(Data items)
▼

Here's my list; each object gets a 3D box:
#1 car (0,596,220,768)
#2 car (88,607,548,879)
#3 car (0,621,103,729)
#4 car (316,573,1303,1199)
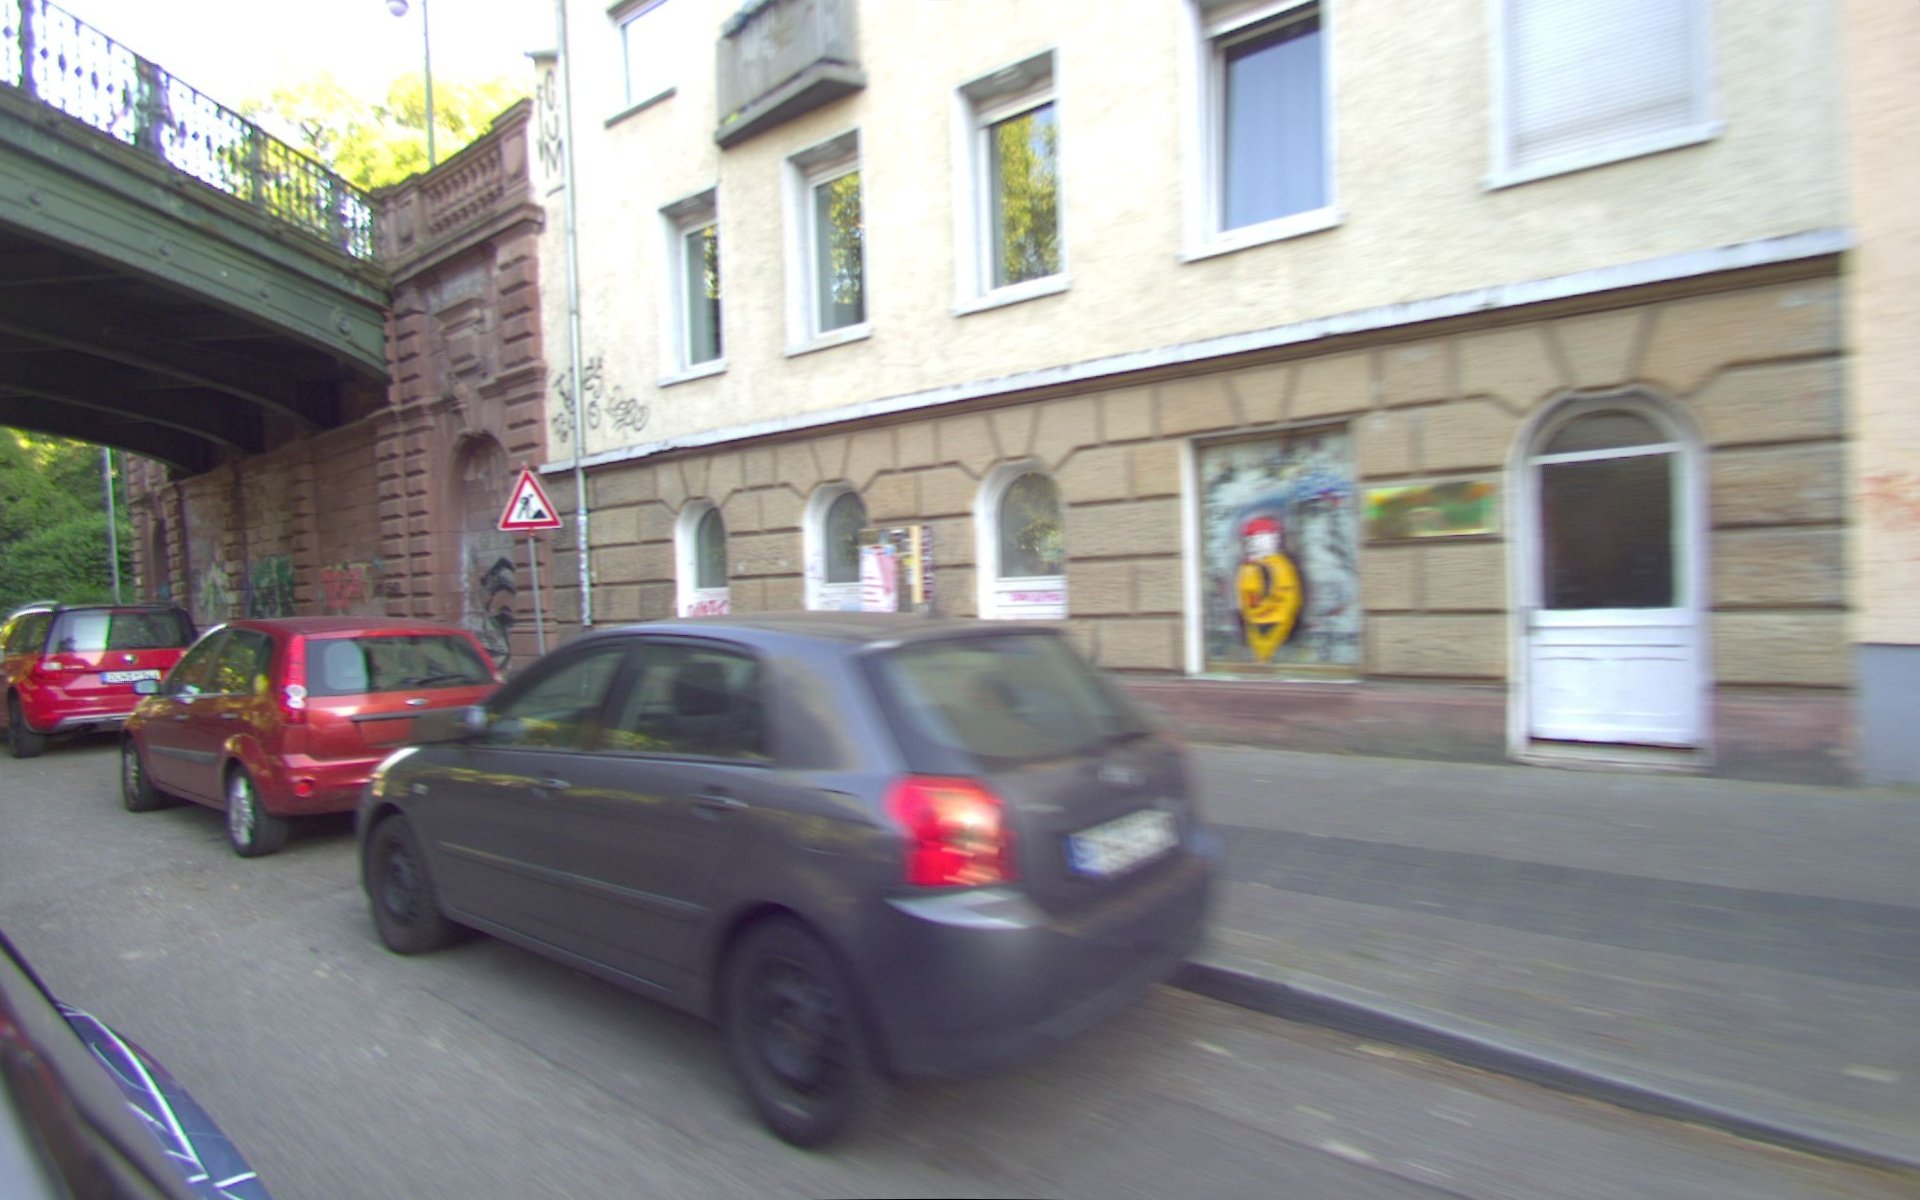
[{"bbox_3d":[-10.768,0.866,12.269,4.315,1.721,1.701,-1,0,37],"label":"car"},{"bbox_3d":[-4.913,0.832,7.529,3.995,1.452,1.673,-1,1,39],"label":"car"},{"bbox_3d":[-14.828,1.089,15.639,3.996,1.475,1.700,-1,0,39],"label":"car"},{"bbox_3d":[-0.906,0.730,4.028,3.996,1.478,1.620,-1,-2,39],"label":"car"}]

▲

:: Your assignment ::
Retype each line above exactly and leave out any picture.

:: Written solution ::
Here's my list; each object gets a 3D box:
#1 car (0,596,220,768)
#2 car (88,607,548,879)
#3 car (0,621,103,729)
#4 car (316,573,1303,1199)
[{"bbox_3d":[-10.768,0.866,12.269,4.315,1.721,1.701,-1,0,37],"label":"car"},{"bbox_3d":[-4.913,0.832,7.529,3.995,1.452,1.673,-1,1,39],"label":"car"},{"bbox_3d":[-14.828,1.089,15.639,3.996,1.475,1.700,-1,0,39],"label":"car"},{"bbox_3d":[-0.906,0.730,4.028,3.996,1.478,1.620,-1,-2,39],"label":"car"}]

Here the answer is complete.